Validate Binary Search Tree

Source

LintCode 95

LeetCode 98

Problem

Given a binary tree, determine if it is a valid binary search tree (BST).

Assume a BST is defined as follows:

• The left subtree of a node contains only nodes with keys less than the node's key.
• The right subtree of a node contains only nodes with keys greater than the node's key.
• Both the left and right subtrees must also be binary search trees.
• A single node tree is a BST

Example

  2
 / \
1   4
   / \
  3   5

Solution

There are two solutions two this code. One solution is to use a min and max to check if the current node's value is within the valid range.

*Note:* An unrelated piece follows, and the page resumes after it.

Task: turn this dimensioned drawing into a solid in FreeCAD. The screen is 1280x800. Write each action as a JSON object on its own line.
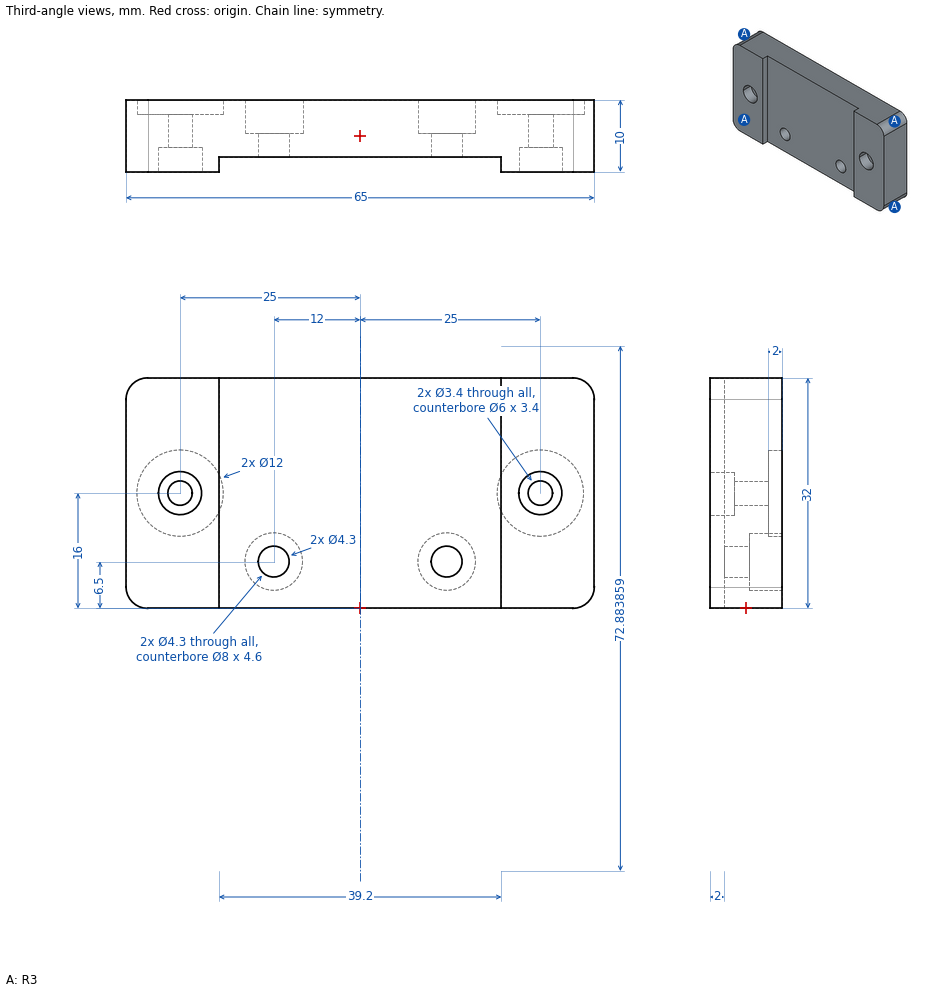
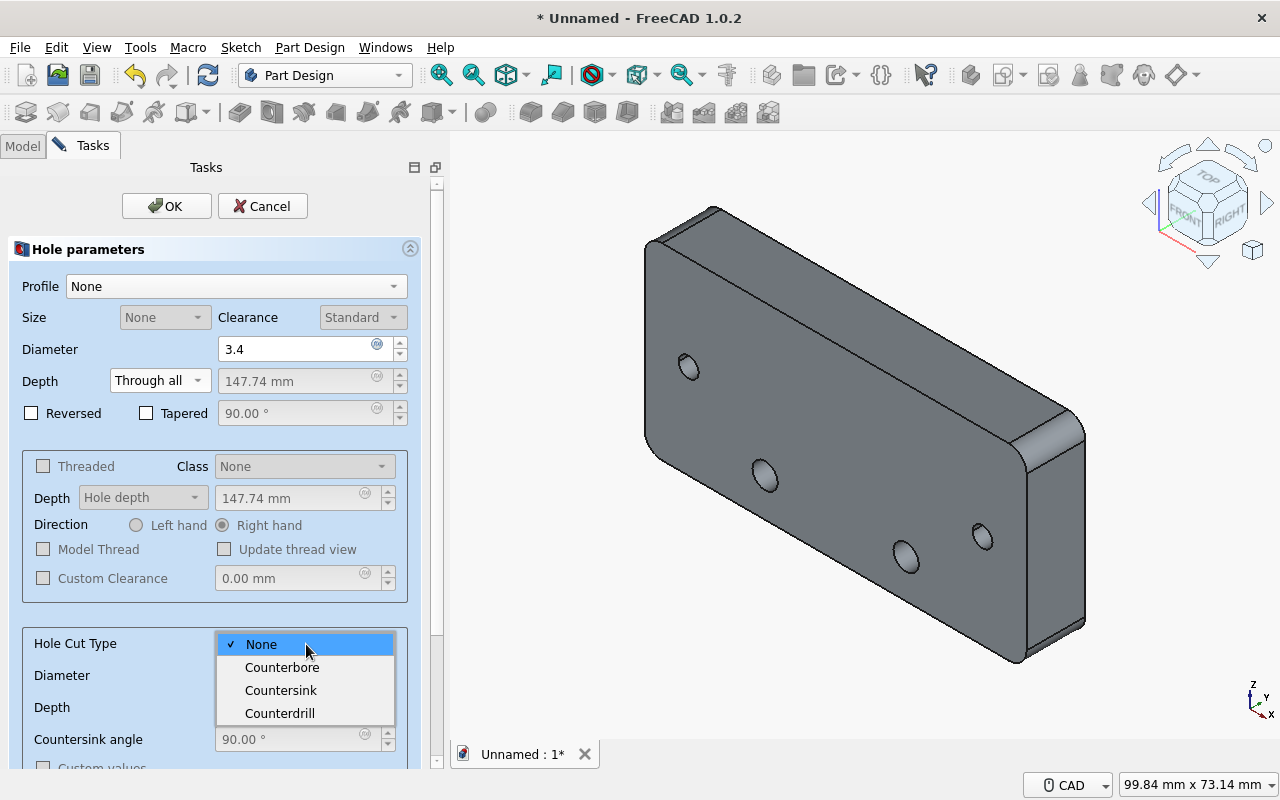
{"action": "left_click", "coordinate": [304, 668]}
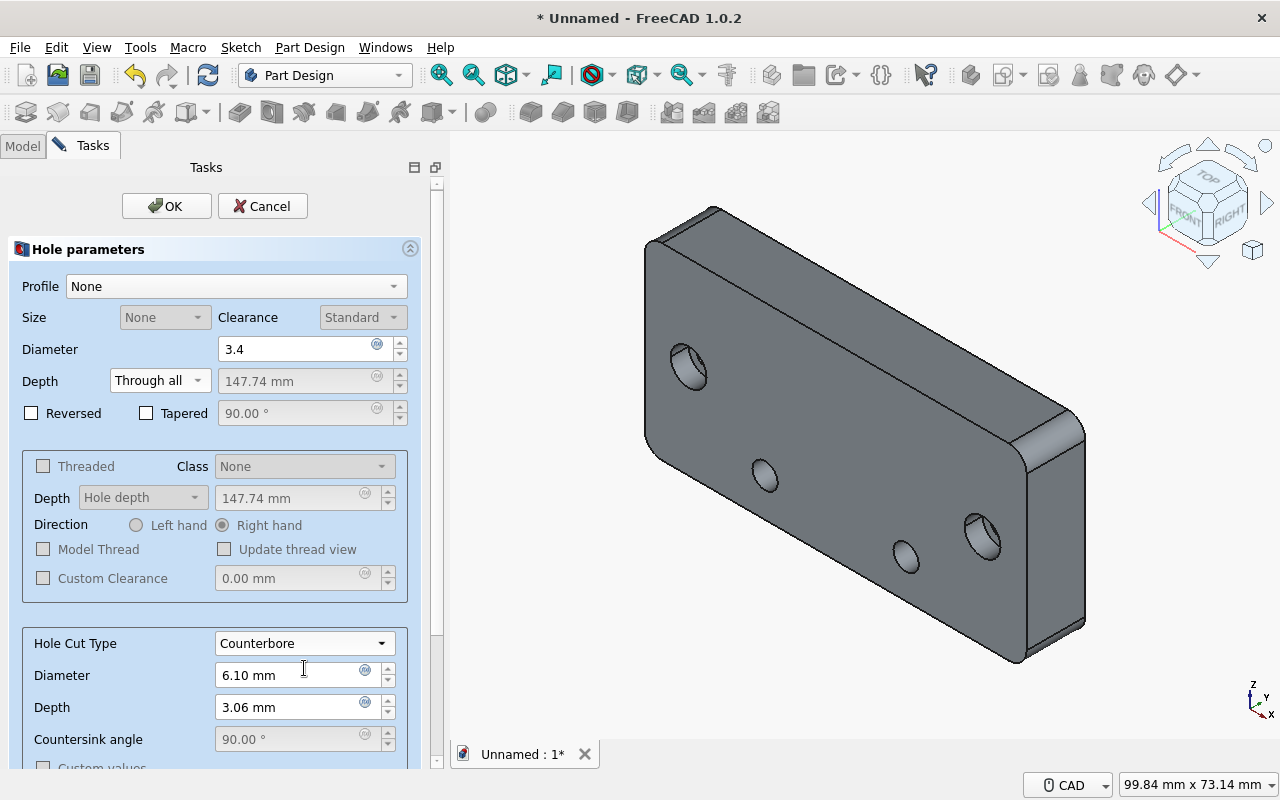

public boolean isValidBST(TreeNode root) {
    return isValidBST(root, null, null);
}

public boolean isValidBST(TreeNode root, Integer min, Integer max) {
    if (root == null) return true;
    if ((min == null || root.val > min) && (max == null || root.val < max)) {
        return isValidBST(root.left, min, root.val) && isValidBST(root.right, root.val, max);
    }
    return false;
}

Note that the min and max here are Integer instead of int. Why? Because for int there's no absolutely invalid value. If we use Integer.MIN_VALUE as the lower-bound initially, our method will return false if the root node value is equal to Integer.MINVALUE. In order to take care of that corner case, we have to use Integer and pass in null initially.

The Second solution uses in-order traversal. If you print a BST with in-order, it should be a sorted array with ascending order. Therefore, we can easily verify if the tree is a BST by comparing with previous node during a in-order traversal.

public boolean isValidBST(TreeNode root) {
    Integer n = null;
    return isValidBSTInOrder(root, Arrays.asList(n));
}

public boolean isValidBSTInOrder(TreeNode root, List<Integer> value) {
    if (root == null) return true;

    if (isValidBSTInOrder(root.left, value)) {
        Integer v = value.get(0);
        if (v == null || v < root.val) {
            value.set(0, root.val);
            return isValidBSTInOrder(root.right, value);
        }
    }
    return false;
}

The reason to use a List here is to remember the previous visited node across recursion, otherwise you could use a global variable to do the same.